1M Tokens, Zero Premium. Half Your RAG Pipeline Might Be Unnecessary.

Today

Anthropic just made 1M tokens cost the same per-token as 1K. No long-context premium. Sonnet 4.6 at $3 per million input tokens. Previously, anything over 200K was billed at 2x.

This directly affects my work.

I use Claude Code to develop and I also build voice and text agents where a single conversation generates 100+ function tool calls. State mutations, phase transitions, topic assessments, all tracked in context. Every tool call adds tokens. Lose context mid-conversation and the agent forgets what it already covered. Starts repeating questions. Misses topics.
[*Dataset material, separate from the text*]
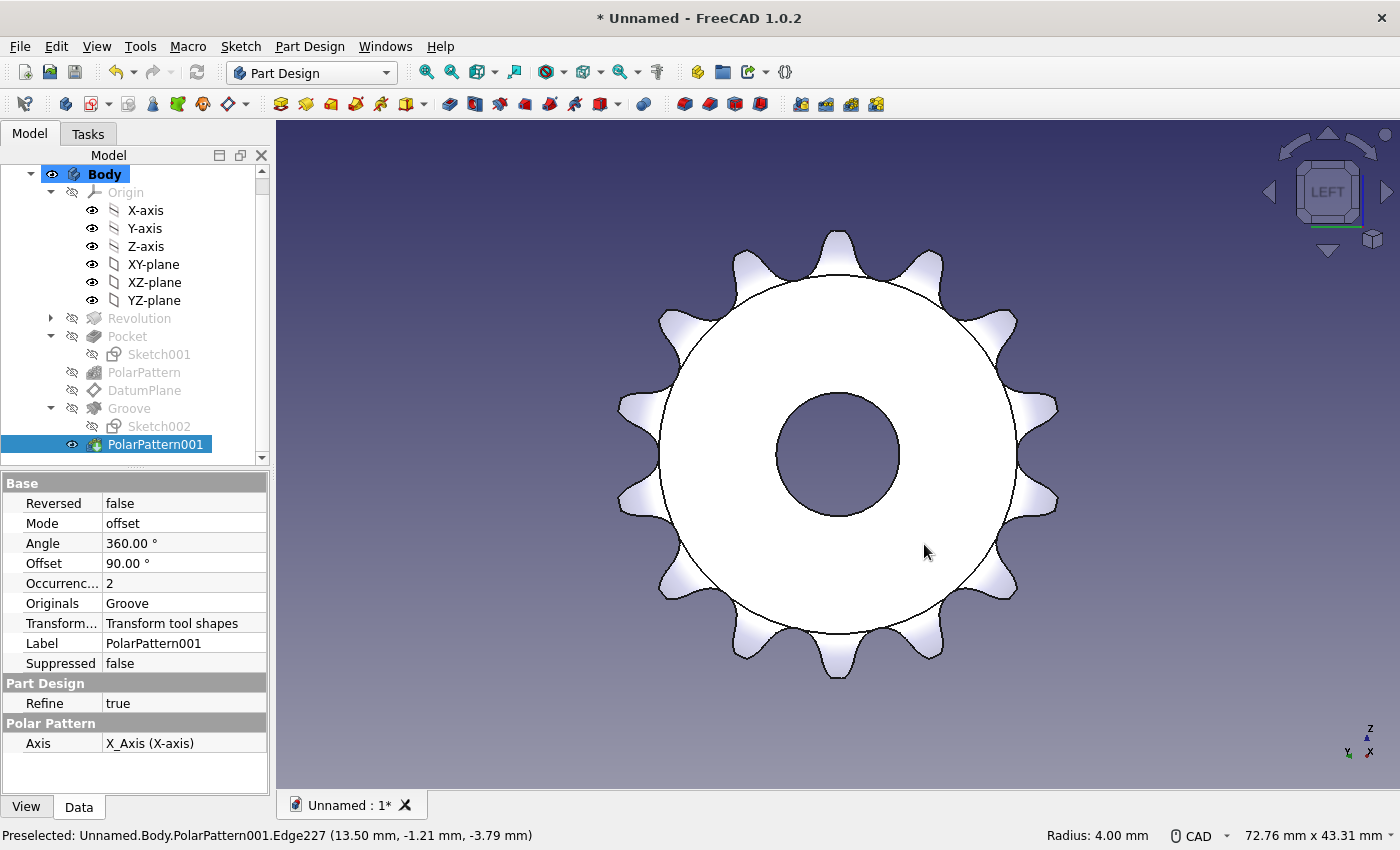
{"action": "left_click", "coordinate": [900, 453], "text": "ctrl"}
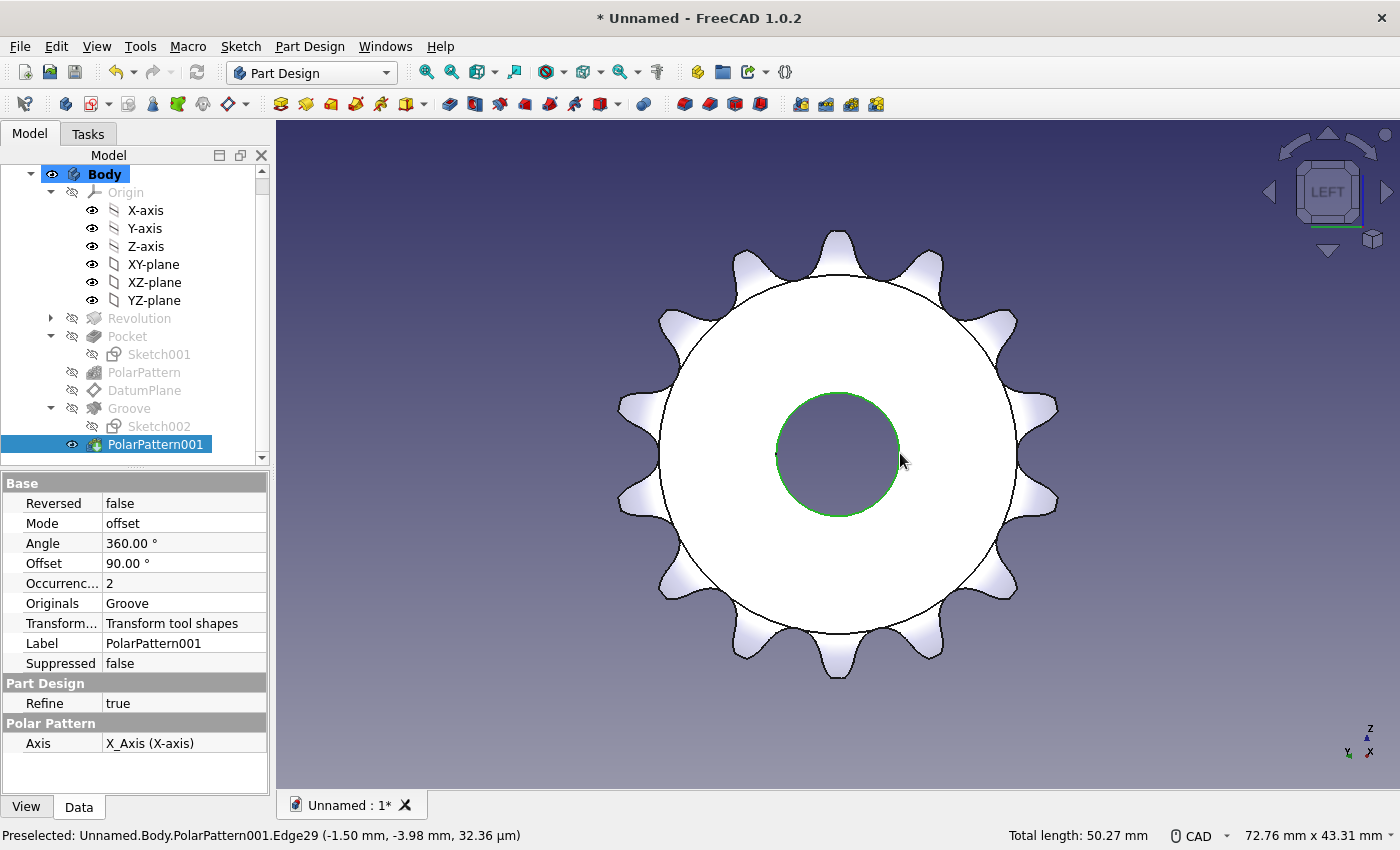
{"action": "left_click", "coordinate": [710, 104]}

The workaround was always lossy summarization. Budget every token. Engineer around the limit.

Now the full trace stays in context. No summarization needed. The agent retains the conversation history and performs noticeably better on my use cases. That said, retaining tokens isn't the same as perfect recall. Benchmarks show most models degrade on synthesis tasks past 32K tokens. More context doesn't automatically mean better reasoning over all of it.

You can see in the chart by Anthropic, that even the best models lose accuracy when retrieving information past 256K tokens, some drop by more than half at 1M. More context is available, but the model's ability to find and use what's in it still degrades at scale.

And I keep seeing "RAG is dead" posts and I think it's wrong.

There are two types of RAG in production. RAG you built because context was expensive (at flat pricing, audit this, it might be unnecessary complexity now). And RAG you built because data exceeds 1M tokens or updates constantly (still essential, nothing changed).

The first category is worth questioning this quarter, but the second isn't going anywhere.